1. Polynya's Ethereum L1 scaling roadmap: https://polynya.mirror.xyz/epju72rsymfB-JK52uYI7HuhJ-WzM735NdP7alkAQ
2. Multidimensional Gas pricing: https://vitalik.eth.limo/general/2024/05/09/multidim.html
3. EIP-7706: https://eips.ethereum.org/EIPS/eip-7706
4. EOF: https://evmobjectformat.org/
5. EVM-MAX: https://ethereum-magicians.org/t/eip-6601-evm-modular-arithmetic-extensions-evmmax/13168
6. SIMD: https://eips.ethereum.org/EIPS/eip-616
7. Native rollups: https://mirror.xyz/ohotties.eth/P1qSCcwj2FZ9cqo3_6kYI4S2chW5K5tmEgogk6io1GE
8. Max Resnick's interview on the value of scaling L1: https://x.com/BanklessHQ/status/1831319419739361321
9. Justin Drake discussing scaling with SNARKs and native Rollups: https://www.reddit.com/r/ethereum/comments/1f81ntr/comment/llmfi28/

What Still Needs to Be Done? What Are the Trade-offs?

L1 scaling has three strategies that can be pursued either individually or in parallel:

1. Improve technologies (like client code, stateless clients, historical expiry) to make L1 easier to verify, then raise the Gas limit.
2. Lower the costs of specific operations to increase average capacity without increasing worst-case risks;
3. Native Rollups (i.e., creating N parallel copies of the EVM).

Understanding these different technologies reveals various trade-offs. For example, native Rollups share many of the same weaknesses in composability as regular Rollups: you cannot send a single transaction to synchronize operations across multiple Rollups, as you can within contracts on the same L1 (or L2).

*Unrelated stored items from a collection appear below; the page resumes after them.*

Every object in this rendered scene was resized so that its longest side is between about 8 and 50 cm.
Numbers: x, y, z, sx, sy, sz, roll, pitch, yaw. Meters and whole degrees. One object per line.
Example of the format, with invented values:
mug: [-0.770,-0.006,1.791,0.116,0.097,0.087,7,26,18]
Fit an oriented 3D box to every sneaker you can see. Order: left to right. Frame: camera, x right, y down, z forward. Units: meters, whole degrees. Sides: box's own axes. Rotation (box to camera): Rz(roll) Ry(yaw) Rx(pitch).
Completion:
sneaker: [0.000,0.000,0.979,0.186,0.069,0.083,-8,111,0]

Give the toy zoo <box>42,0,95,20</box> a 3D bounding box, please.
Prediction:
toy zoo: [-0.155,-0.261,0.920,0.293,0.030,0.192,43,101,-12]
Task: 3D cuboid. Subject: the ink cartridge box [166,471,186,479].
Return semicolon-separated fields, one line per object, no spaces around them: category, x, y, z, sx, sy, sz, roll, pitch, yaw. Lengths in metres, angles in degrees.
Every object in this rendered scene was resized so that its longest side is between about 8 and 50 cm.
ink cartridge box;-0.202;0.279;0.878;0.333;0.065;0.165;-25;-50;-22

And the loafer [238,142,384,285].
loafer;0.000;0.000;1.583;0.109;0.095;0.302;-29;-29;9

Raising the Gas limit may undermine other benefits achievable through simplifying L1 verification, such as increasing the proportion of users running verification nodes and increasing the number of solo stakers. Depending on how it is implemented, making specific operations cheaper in the EVM may increase the overall complexity of the EVM.

A significant question that any L1 scaling roadmap needs to answer is: what is the ultimate vision for L1 and L2? Clearly, putting everything on L1 is absurd: potential use cases could involve hundreds of thousands of transactions per second, which would make L1 completely unmanageable (unless we adopt a native Rollup approach). However, we do need some guiding principles to ensure we do not end up in a situation where the Gas limit is increased tenfold, severely undermining the decentralization of Ethereum L1.

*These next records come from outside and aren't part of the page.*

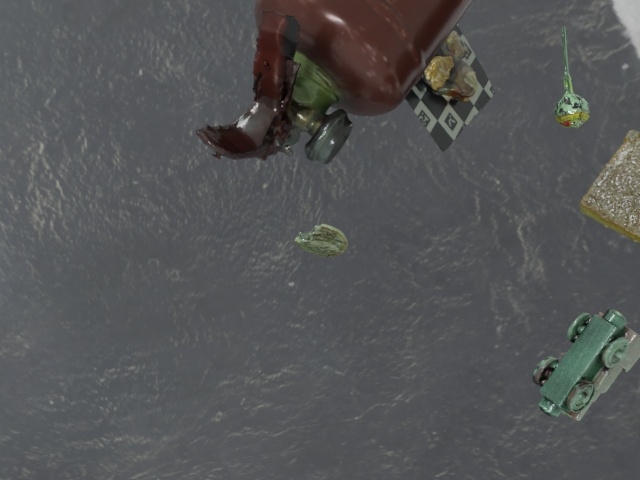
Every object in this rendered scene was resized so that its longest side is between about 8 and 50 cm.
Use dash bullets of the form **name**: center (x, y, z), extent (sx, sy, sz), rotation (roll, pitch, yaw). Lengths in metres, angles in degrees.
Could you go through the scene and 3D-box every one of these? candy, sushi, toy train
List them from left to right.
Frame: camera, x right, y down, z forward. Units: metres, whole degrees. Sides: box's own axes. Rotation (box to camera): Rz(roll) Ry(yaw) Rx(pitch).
- **sushi**: center (0.172, -0.257, 0.952), extent (0.210, 0.040, 0.192), rotation (54, 55, -16)
- **candy**: center (0.714, -0.470, 1.951), extent (0.083, 0.091, 0.305), rotation (9, 77, -50)
- **toy train**: center (0.665, 0.317, 1.689), extent (0.304, 0.221, 0.150), rotation (-54, 45, 4)

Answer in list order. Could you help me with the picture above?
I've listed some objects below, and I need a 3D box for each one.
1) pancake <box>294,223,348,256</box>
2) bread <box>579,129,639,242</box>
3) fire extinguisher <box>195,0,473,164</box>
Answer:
- **pancake**: center (0.004, 0.004, 1.600), extent (0.116, 0.130, 0.022), rotation (38, 50, -37)
- **bread**: center (0.650, -0.079, 1.311), extent (0.234, 0.110, 0.184), rotation (35, 100, 25)
- **fire extinguisher**: center (0.043, -0.169, 0.381), extent (0.106, 0.147, 0.337), rotation (32, 81, 9)
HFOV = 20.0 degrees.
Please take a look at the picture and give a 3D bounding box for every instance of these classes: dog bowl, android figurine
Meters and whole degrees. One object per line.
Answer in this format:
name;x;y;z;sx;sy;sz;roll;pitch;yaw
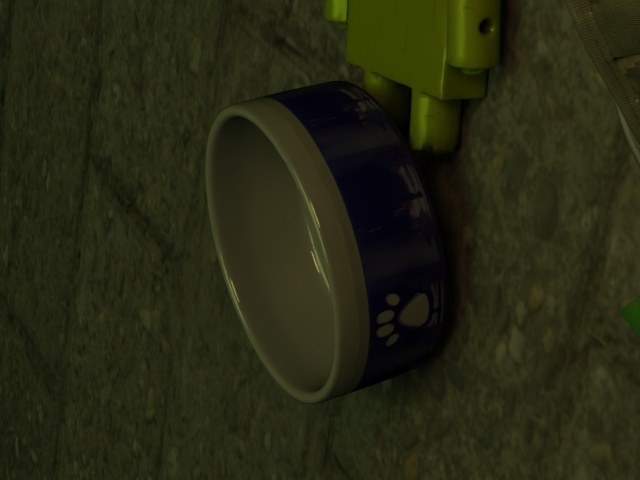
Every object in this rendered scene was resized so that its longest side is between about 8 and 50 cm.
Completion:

One perspective on the division of labor between L1 and L2

How Does It Interact with Other Parts of the Roadmap?

Bringing more users to L1 means not only scaling but also improving other aspects of L1. This means more MEV will remain on L1 (rather than just becoming an issue for L2), so the need to address MEV explicitly will become more urgent. This will greatly enhance the value of fast slot times on L1. At the same time, it heavily relies on the smooth operation of L1 (the Verge) verification.